Cutting Teeth(61)
Not Rhea. She didn’t do a damn thing to help that woman. Instead, she smugly sat back and thought to herself that she wasn’t the only one who didn’t care for Miss Ollie.
But the man looked familiar. Chestnut hair, physically fit—and then she realized: Wait a second, she knew him, like actually knew him. Darby, come get your man.
“What’s that supposed to mean?” Darby’s chin snaps back as if she didn’t start this. “I talked to Griff. He didn’t know what you were talking about.” But Darby’s pupils tell a different story. She was listening that day at the café. Not just listening, she followed up. She took action.
And flash forward to today, in the aftermath of the Poop Bandit’s second strike, Griff looking like some prick, surfing on his phone like that.
You’re in charge of pickup today then, huh? Rhea asked him just to prove she’s not like him.
Just today, he practically grunted.
Okay, excuse me.
And she did until half an hour later when the dust settled on Mary Beth’s near arrest and a set of cops came over holding little Lola Morton’s hand. Griff tapped Rhea on the shoulder and asked if she could take Jack home. He might have said please, and that’s a big might. Darby wasn’t answering and he had to go down to the police station and Rhea said, Yeah. That’s fine.
Darby blinks at her expectantly.
“And I guess you believe him over me.” Rhea shrugs. It doesn’t settle anything. “Bodhi!” she hollers. “We’ve got to get going anyway.”
Bodhi comes obediently at the sound of his name, effectively ending the conversation for them. Doesn’t matter. Things work out fine for people like Darby, just wait and see.
Rhea peels open the door and the stress she has been holding back breaks open, too. “Call me if you need anything,” she says, when they both know Darby won’t.
“Wait, Rhea!” Darby shouts too loudly, Rhea hasn’t even managed to get out the door yet.
Rhea hesitates. “What?” she asks.
Were Darby and Mary Beth talking behind her back about how they had to humor Rhea so she didn’t explode? Like she’s some trashy redneck fixing to get loud and run her mouth with no filter because she never attended cotillion? Is that how it was? It’s not the first time Rhea’s been made out to be the bad guy, but she’s upset with herself for expecting more from Darby.
“Never mind.” Darby sounds exasperated.
Join the club.
But on the way home, Rhea continues to try to piece it all together. Just in case. Just if she needs it. The detective knew she tried to get Erin fired. She knew about Rhea’s criminal record. She did not know that Rhea hadn’t just been on campus, she’d been in Miss Ollie’s classroom, or else she’d have said so. She did not know about the little silver A because that’s rattling in Rhea’s cup holder. She did not know about the strange set of financial documents Rhea had found and … stolen. And that means Rhea knows something that Detective Bright doesn’t. Reveal it and she’ll wind up tipping her hand. Her only choice then is to figure out what it means before she has to.
She drives on autopilot, her mind so preoccupied with the puzzle she’s trying to work out, she won’t remember taking an early exit off the highway, she won’t recall seeing the sign or reading the menu, she will feel such a schism between mind and body that when she finds a greasy sack of hamburgers and french fries plus a Happy Meal for Bodhi in her lap, she will feel hardly any guilt at all. She will not recognize herself and so she’ll feel, in this instance as on other recent occasions, plausible deniability: She wasn’t the one who committed the crime; you must be thinking of somebody else.
TWENTY-SIX
“They struck again.”
Most days, Mary Beth calls her younger sister, Blythe, on the way home from school as something of a coping mechanism. Blythe and her husband, Jerry, don’t have kids.
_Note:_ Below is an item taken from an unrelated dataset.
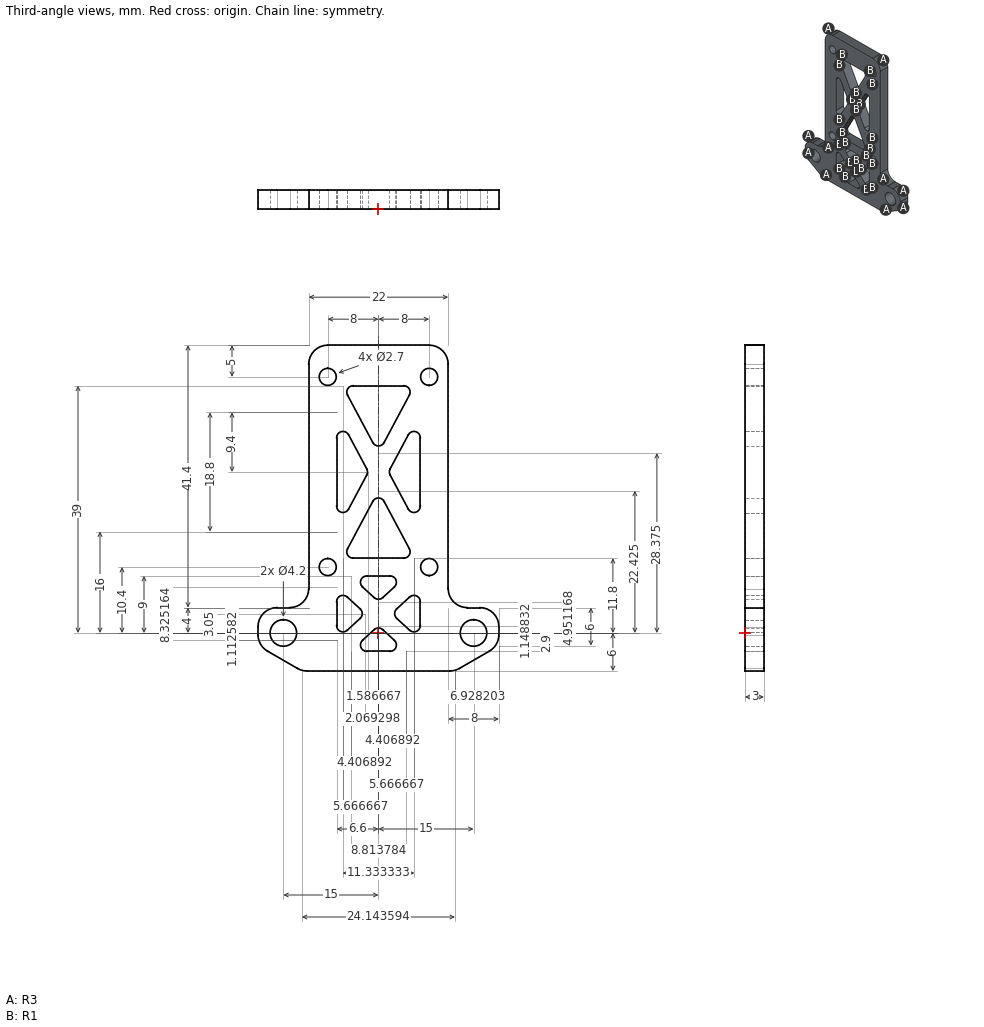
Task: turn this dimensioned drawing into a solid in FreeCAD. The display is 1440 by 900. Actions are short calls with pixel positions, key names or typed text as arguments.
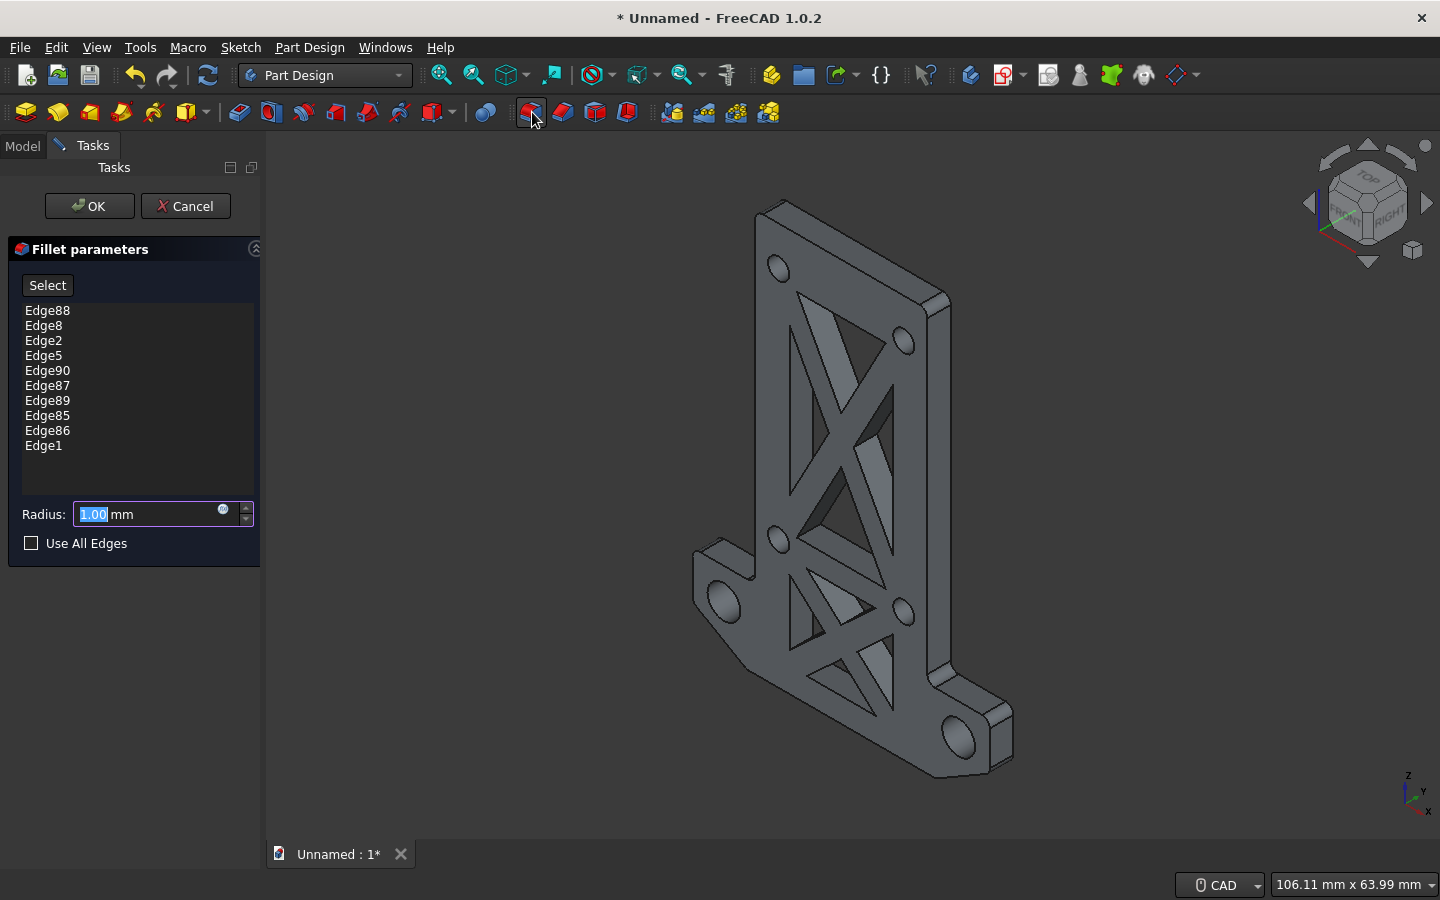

They have restaurant week and trips to Napa and even though they frequent über-pricey places like the French Laundry, it turns out you can eat a lot of über-pricey food for a whole lot less than the über-pricey cost of having kids.
“Who?” Blythe asks from her downtown office clear across the country. Mary Beth visited once and felt the slick, oily hand of envy slide its fingers around her heart at the floor-to-ceiling smudge-free glass, the plant kept alive as if by night fairies, the receptionist who offered coffee, tea, or sparkling.
“The Poop Bandit,” Mary Beth says, glancing back to ensure that Noelle’s headphones are on. She’s listening to a children’s audiobook and staring out the window.
“Is that a new superhero? Ugh. I hate children’s marketing departments. Like those gross emoji pillows. Does Noelle have those?” Blythe does marketing for a major movie studio. She claims the move to LA had nothing to do with the reason she stopped attending church, but Mary Beth thinks it’s quite the coincidence otherwise.
“It’s not a superhero.” Anyway, it’s not, like, an official name, just something one of the dads said offhand. “Remember, I told you a few days ago how a kid in Noelle’s class had … relieved … themselves on the playground without anyone knowing.” Once is an accident. Twice is targeted. Three is serial and four, well, four’s a spree.